On Sun, 9 Oct 2022, LIU Hao wrote:

在 2022/10/9 18:05, Pali Rohár 写道:

Ok, I see.

Anyway, I quite do not understand why some crt exported functions are
marked with _CRTIMP (as it is empty during CRT build) and some exported
variables use __MINGW_IMP_SYMBOL. I would expect that all exported
functions and variables (from dll) would use same "syntax" and same
"behavior". Is not this a bug?

And why is not used directly __desclspec(dllimport)? I think that
specifying dllimport is same as using __MINGW_IMP_SYMBOL and then
defining a new macro with pointer dereferencing of defined symbol.
Or not and is there something special why "more complicated" approach
via __MINGW_IMP_SYMBOL is required?


Because sometimes we would like to override them, for example, in 'ucrtbase_compat.c'.


This

 ```
 void __attribute__((__dllimport__)) _tzset(void);
 void (*__imp__tzset)(void) = _tzset;

 int
 main(void)
   {
     _tzset();
   }
 ```

will cause an error, as the function call to dllimport'd function in `main()` pulls it from 'libmsvcrt.a', which also brings its own pointer:

 ```
 $ x86_64-w64-mingw32-gcc -Wall -Wextra test.c
 /usr/bin/x86_64-w64-mingw32-ld: /usr/lib/gcc/x86_64-w64-mingw32/10-w
 in32/../../../../x86_64-w64-mingw32/lib/libmsvcrt.a(libmsvcrt-oss007
 17.o):(.idata$5+0x0): multiple definition of `__imp__tzset'; /tmp/cc
 1GlQ7e.o:test.c:(.data+0x0): first defined here
 collect2: error: ld returned 1 exit status
 ```

I think this example kinda misses the point; here you already do have an __imp__tzset elsewhere (from the import library) - but we only do manually define e.g. __imp__tzset when we're in a configuration where the import library doesn't provide it (or we've commented it out from the def file).


Historically, the _CRTIMP macro comes from how it is used in upstream msvcrt; you can link the CRT either statically or dynamically. If intending to link statically, _CRTIMP expands to nothing, while if intending to link dyanmically, _CRTIMP expands to dllimport. For mingw-w64, there's no option to link the full CRT statically, so from user code point of view, there's only the dllimport case to care about.

But when building code within mingw-w64-crt, _CRTIMP expands to nothing. I guess this is generally desireable when implementing some of the functions that are marked _CRTIMP (we generally shouldn't have a dllimport declaration of the function visible when we're implementing it).

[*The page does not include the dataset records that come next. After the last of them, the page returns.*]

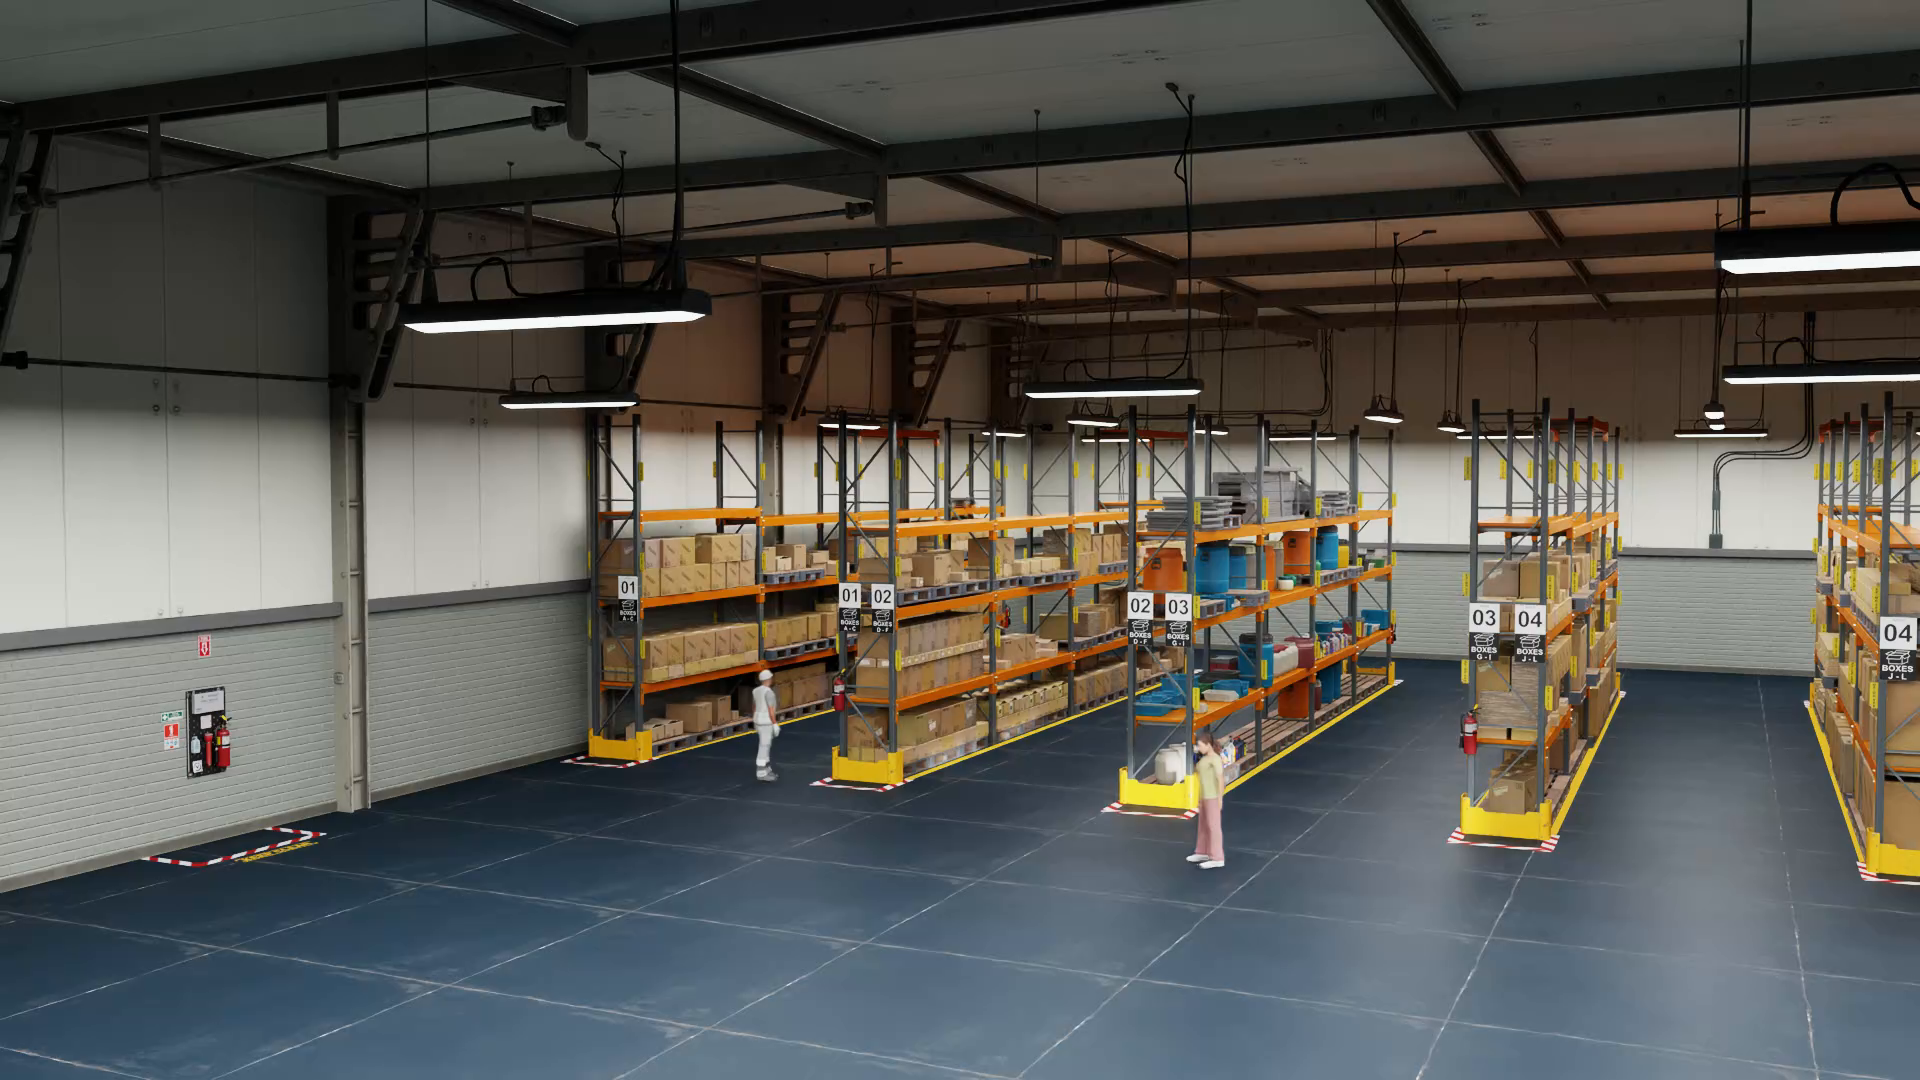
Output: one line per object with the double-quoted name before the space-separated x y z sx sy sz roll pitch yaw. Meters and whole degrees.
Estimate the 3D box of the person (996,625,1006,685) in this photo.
"person" 0.774 2.688 36.048 0.527 1.696 0.506 0 2 11

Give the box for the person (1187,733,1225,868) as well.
"person" 3.126 3.288 21.161 0.407 1.674 0.541 0 2 -12

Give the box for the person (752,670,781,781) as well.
"person" -3.098 3.008 27.004 0.485 1.811 0.616 -1 3 -24

However this can also be tricky, because if it indeed is a data symbol that we're overriding/providing in mingw-w64-crt, then having it visible without dllimport is fine (when other object files in mingw-w64-crt reference it, and both of them will be linked statically, but if it is a symbol that will be imported from a DLL file, via the def files, then accessing it without dllimport is going to cause unnecessary auto imports and runtime pseudo relocs.


So in short, the following two are functionally exactly equivalent - they generate the same code in a compiler when you reference it:

    extern int * __MINGW_IMP_SYMBOL(someDataSymbol);
  #define someDataSymbol (* __MINGW_IMP_SYMBOL(someDataSymbol))
and
    extern int __declspec(dllimport) someDataSymbol;

However if you make it
    extern int _CRTIMP someDataSymbol;

then you lose the dllimport for any code within mingw-w64-crt that is accessing it - leading to unnecessary auto imports and runtime pseudo relocs.


I think the common pattern within mingw-w64-headers is to simply use the first form via the explicit __MINGW_IMP_SYMBOL redirection for any data symbols, while _CRTIMP is used for functions only. Exported data symbols in the CRT interface generally are problematic anyway. And the define form, while kinda unwieldy, gives you a bit more freedoms to check for it with ifdef, work around it with undef, etc.